For A's, only first names change as dreaded Hatcher curse returns zTC

World Series notebook

October 18, 1990|By Ken Rosenthal | Ken Rosenthal,Evening Sun Staff

CINCINNATI -- If they're smart, the Oakland A's will start drafting every prospect named Hatcher. That way, maybe they can prevent another player with that surname from ruining their next World Series.

Two years ago, Mickey Hatcher went 7-for-19 in Los Angeles' shocking upset of the A's, hitting two-run homers in the first innings of Games 1 and 5 and finishing with five runs and five RBIs.

That, however, is nothing compared to the damage being inflicted in this World Series by Cincinnati's Billy, the only other Hatcher listed in the Baseball Encyclopedia.

Hatcher set a Series record with seven straight hits as the Reds won the first two games at Riverfront Stadium. He sparked last night's 5-4 victory in 10 innings by going 4-for-4 with two doubles and a triple.

The previous mark of six straight hits was shared by Leon "Goose" Goslin, who did it for the Washington Senators in 1924, and Thurman Munson, who did it for the New York Yankees against the Reds in 1976.

"Where's Hatch at?" Cincinnati's Eric Davis shouted, searching for his centerfielder in a joyous clubhouse. "I want to buy some of that stuff he's selling."

Can you blame him? Hatcher's two-game totals include 13 total bases, five runs, five extra-base hits and two walks. Great Rotisserie League numbers -- except this is the postseason.

Naturally, the first question to Hatcher in the post-game interview room was, "Is it that easy?" He replied, "It's not easy at all. Right now, things are just happening for me."

The amazing thing is, Hatcher was nearly the goat last night. He got picked off first after leading off the fifth with a bunt single. And he failed to score from third on a fly to right by Davis with none out in the eighth.

Jose Canseco's throw sailed up the third-base line, and CBS showed Reds manager Lou Piniella cursing in the home dugout. Needless to say, Hatcher was relieved when Glenn Braggs scored him on a fielder's choice.

"Canseco has a good arm, but I made a mistake," Hatcher said. "He had to turn and throw. I gave him too much credit. Thank God we scored the run anyway."

Of course they did.

His name is Hatcher, isn't it?

* UNSUNG HERO AWARD: It goes to Cincinnati righthander Jack Armstrong, who pitched three scoreless innings after entering the game at the start of the fifth.
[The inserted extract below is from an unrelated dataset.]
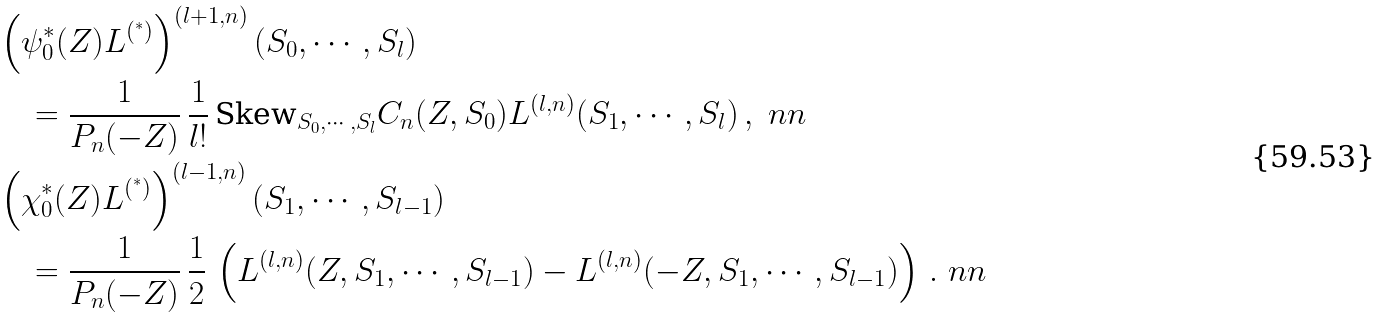<formula> <loc_0><loc_0><loc_500><loc_500>& \left ( \psi _ { 0 } ^ { * } ( Z ) L ^ { ( ^ { * } ) } \right ) ^ { ( l + 1 , n ) } ( S _ { 0 } , \cdots , S _ { l } ) \\ & \quad = \frac { 1 } { P _ { n } ( - Z ) } \, \frac { 1 } { l ! } \, \text {Skew} _ { S _ { 0 } , \cdots , S _ { l } } C _ { n } ( Z , S _ { 0 } ) L ^ { ( l , n ) } ( S _ { 1 } , \cdots , S _ { l } ) \, , \ n n \\ & \left ( \chi _ { 0 } ^ { * } ( Z ) L ^ { ( ^ { * } ) } \right ) ^ { ( l - 1 , n ) } ( S _ { 1 } , \cdots , S _ { l - 1 } ) \\ & \quad = \frac { 1 } { P _ { n } ( - Z ) } \, \frac { 1 } { 2 } \, \left ( L ^ { ( l , n ) } ( Z , S _ { 1 } , \cdots , S _ { l - 1 } ) - L ^ { ( l , n ) } ( - Z , S _ { 1 } , \cdots , S _ { l - 1 } ) \right ) \, . \ n n</formula>

Armstrong (12-9, 3.42), who started for the NL in the All-Star Game, has been used sparingly the last two months because of a tender forearm. His last victory was Aug. 14, and he did not pitch in the playoffs.

Some observers believe he should have started over lefthander Danny Jackson last night. Armstrong is a hard thrower like Game 1 winner Jose Rijo, and virtually all of the A's power is on the right side.

"He had a shot to pitch well against Oakland," Piniella said. "He's got a fastball that rides and a sharp slider. I figured he would play a role for us, not as a starter, but out of the bullpen."

* LOOKING AHEAD: Oakland's Mike Moore will face Cincinnati's Tom Browning in Game 3 tomorrow, and then comes the rematch of Rijo and Dave Stewart in Game 4.

Rijo developed a blood blister on the middle finger of his right hand in the third inning Tuesday night. The blister could prove bothersome when he throws his slider, but he does not seem too worried.

Asked if he could pitch, Rijo said, "Hell, yeah. No problem. Piece of cake. When I'm out there throwing I try to forget about pain. I just think about what I have to do."

* RICKEY, RICKEY: The defensive play of the night was Rickey Henderson's leaping snow-cone catch on pinch hitter Todd Benzinger's drive to left in the ninth. Henderson got so excited, he showed the ball to the wall and pumped his fist.

But Rickey, what if the umpires checked your glove to make sure it wasn't oversized? "It wouldn't have made any difference," Henderson replied. "They challenged it the first day I got in the league."

Henderson also cut off a single by Chris Sabo in the sixth and threw him out at second. After going 3-for-5 in Game 1, he finished 1-for-4 with a walk, extending his postseason hitting streak to 14 games.

* AROUND THE HORN: A's manager Tony La Russa indicated he will use Harold Baines as his DH against Browning in Game 3. That could mean Willie McGee will sit until Game 5. His replacement in center, Dave Henderson, went 2-for-4 with a walk.

Banner headline in yesterday's Cincinnati Post: "Davis Stuns Goliath" . . . Game 1 was the first Series game played outside of California since Oct. 25, 1987, at Minnesota. Elapsed time: 1,088 days.